Exact copies of the lines below, from the one with "millions)<fcel>Commercial and financial<fcel>Lease" up to and including the one with "3) Now, let's", are what this calls for; leave out pictures.

*****

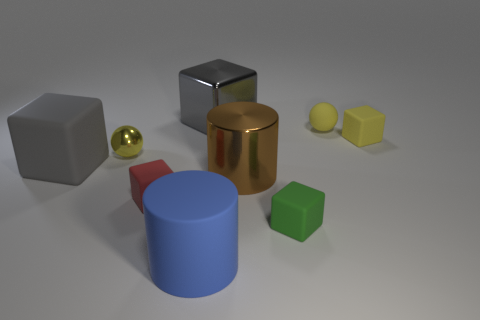Subtract 1 cubes. How many cubes are left? 4 Subtract all brown cubes. Subtract all red spheres. How many cubes are left? 5 Add 1 yellow spheres. How many objects exist? 10 Subtract all spheres. How many objects are left? 7 Subtract 0 yellow cylinders. How many objects are left? 9 Subtract all brown cylinders. Subtract all metallic balls. How many objects are left? 7 Add 4 matte things. How many matte things are left? 10 Add 5 small matte cubes. How many small matte cubes exist? 8 
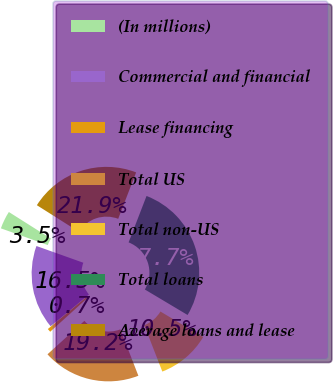Convert chart. <chart><loc_0><loc_0><loc_500><loc_500><pie_chart><fcel>(In millions)<fcel>Commercial and financial<fcel>Lease financing<fcel>Total US<fcel>Total non-US<fcel>Total loans<fcel>Average loans and lease<nl><fcel>3.52%<fcel>16.48%<fcel>0.69%<fcel>19.19%<fcel>10.53%<fcel>27.7%<fcel>21.89%<nl></chart> 
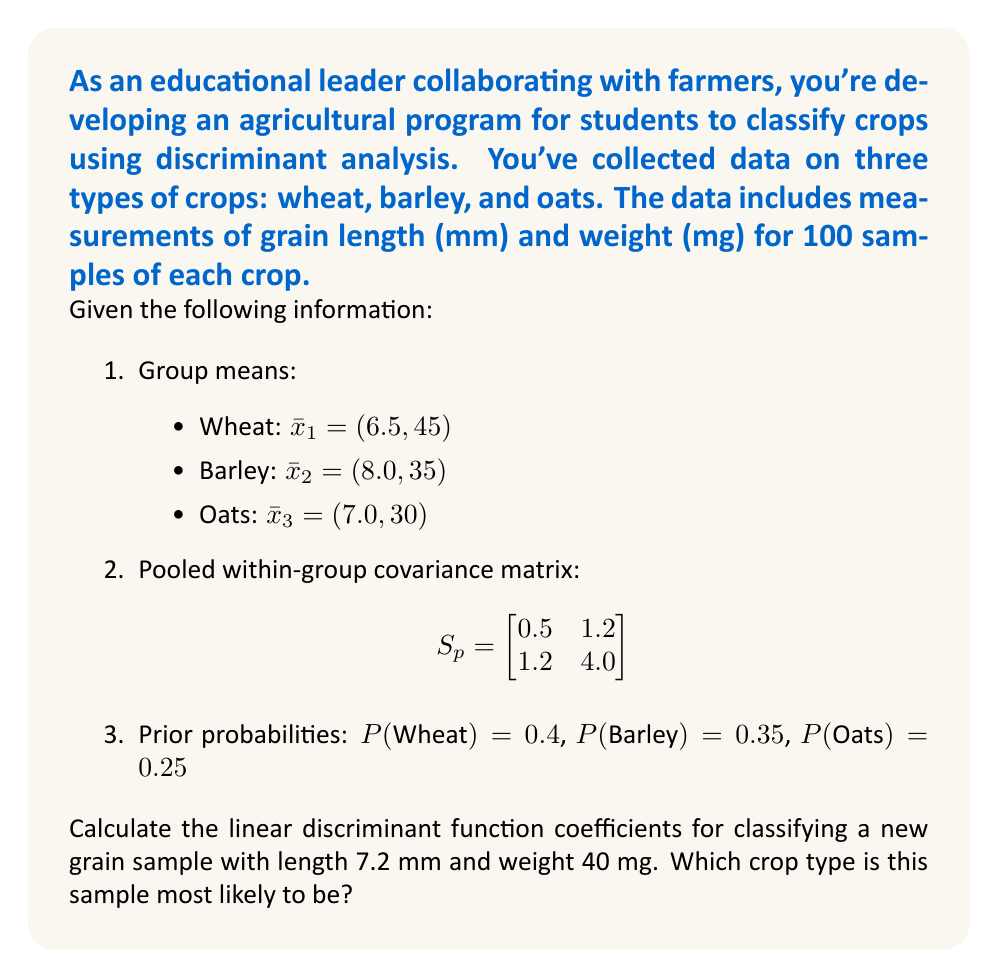Provide a solution to this math problem. To solve this problem, we'll follow these steps:

1) The linear discriminant function for group $i$ is given by:
   $$d_i(x) = \ln(P_i) + \bar{x}_i^T S_p^{-1}x - \frac{1}{2}\bar{x}_i^T S_p^{-1}\bar{x}_i$$

2) First, we need to calculate $S_p^{-1}$:
   $$S_p^{-1} = \frac{1}{0.5 \cdot 4.0 - 1.2 \cdot 1.2} \begin{bmatrix}
   4.0 & -1.2 \\
   -1.2 & 0.5
   \end{bmatrix} = \begin{bmatrix}
   2.5 & -0.75 \\
   -0.75 & 0.3125
   \end{bmatrix}$$

3) Now, let's calculate $\bar{x}_i^T S_p^{-1}$ for each group:
   Wheat: $(6.5, 45) \begin{bmatrix} 2.5 & -0.75 \\ -0.75 & 0.3125 \end{bmatrix} = (0.625, 13.125)$
   Barley: $(8.0, 35) \begin{bmatrix} 2.5 & -0.75 \\ -0.75 & 0.3125 \end{bmatrix} = (13.75, 7.1875)$
   Oats: $(7.0, 30) \begin{bmatrix} 2.5 & -0.75 \\ -0.75 & 0.3125 \end{bmatrix} = (11.25, 5.625)$

4) Calculate $\frac{1}{2}\bar{x}_i^T S_p^{-1}\bar{x}_i$ for each group:
   Wheat: $\frac{1}{2}(0.625 \cdot 6.5 + 13.125 \cdot 45) = 297.65625$
   Barley: $\frac{1}{2}(13.75 \cdot 8.0 + 7.1875 \cdot 35) = 181.09375$
   Oats: $\frac{1}{2}(11.25 \cdot 7.0 + 5.625 \cdot 30) = 123.28125$

5) Now we can form the discriminant functions:
   $d_1(x) = \ln(0.4) + 0.625x_1 + 13.125x_2 - 297.65625$
   $d_2(x) = \ln(0.35) + 13.75x_1 + 7.1875x_2 - 181.09375$
   $d_3(x) = \ln(0.25) + 11.25x_1 + 5.625x_2 - 123.28125$

6) Evaluate these functions for the new sample $(7.2, 40)$:
   $d_1(7.2, 40) = -0.916 + 4.5 + 525 - 297.65625 = 230.92775$
   $d_2(7.2, 40) = -1.0498 + 99 + 287.5 - 181.09375 = 204.35645$
   $d_3(7.2, 40) = -1.3863 + 81 + 225 - 123.28125 = 181.33245$

7) The sample is classified into the group with the highest discriminant function value.
Answer: Wheat (highest discriminant function value: 230.92775) 
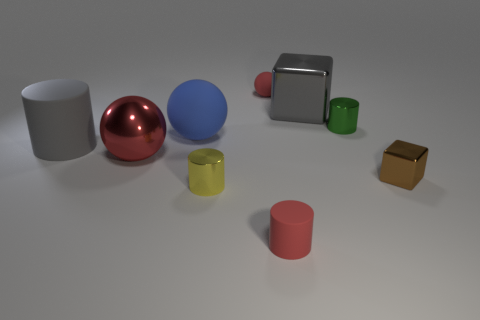Subtract 1 cylinders. How many cylinders are left? 3 Subtract all cylinders. How many objects are left? 5 Add 3 yellow cylinders. How many yellow cylinders exist? 4 Subtract 1 gray cylinders. How many objects are left? 8 Subtract all metal spheres. Subtract all tiny brown metal cubes. How many objects are left? 7 Add 9 big metallic spheres. How many big metallic spheres are left? 10

*****

# Response below
Convert chart. <chart><loc_0><loc_0><loc_500><loc_500><pie_chart><fcel>(In millions)<fcel>Commercial and financial<fcel>Lease financing<fcel>Total US<fcel>Total non-US<fcel>Total loans<fcel>Average loans and lease<nl><fcel>3.52%<fcel>16.48%<fcel>0.69%<fcel>19.19%<fcel>10.53%<fcel>27.7%<fcel>21.89%<nl></chart> 
Provide a solution to this math problem. To solve this problem, we'll follow these steps:

1) The linear discriminant function for group $i$ is given by:
   $$d_i(x) = \ln(P_i) + \bar{x}_i^T S_p^{-1}x - \frac{1}{2}\bar{x}_i^T S_p^{-1}\bar{x}_i$$

2) First, we need to calculate $S_p^{-1}$:
   $$S_p^{-1} = \frac{1}{0.5 \cdot 4.0 - 1.2 \cdot 1.2} \begin{bmatrix}
   4.0 & -1.2 \\
   -1.2 & 0.5
   \end{bmatrix} = \begin{bmatrix}
   2.5 & -0.75 \\
   -0.75 & 0.3125
   \end{bmatrix}$$

3) Now, let's calculate $\bar{x}_i^T S_p^{-1}$ for each group:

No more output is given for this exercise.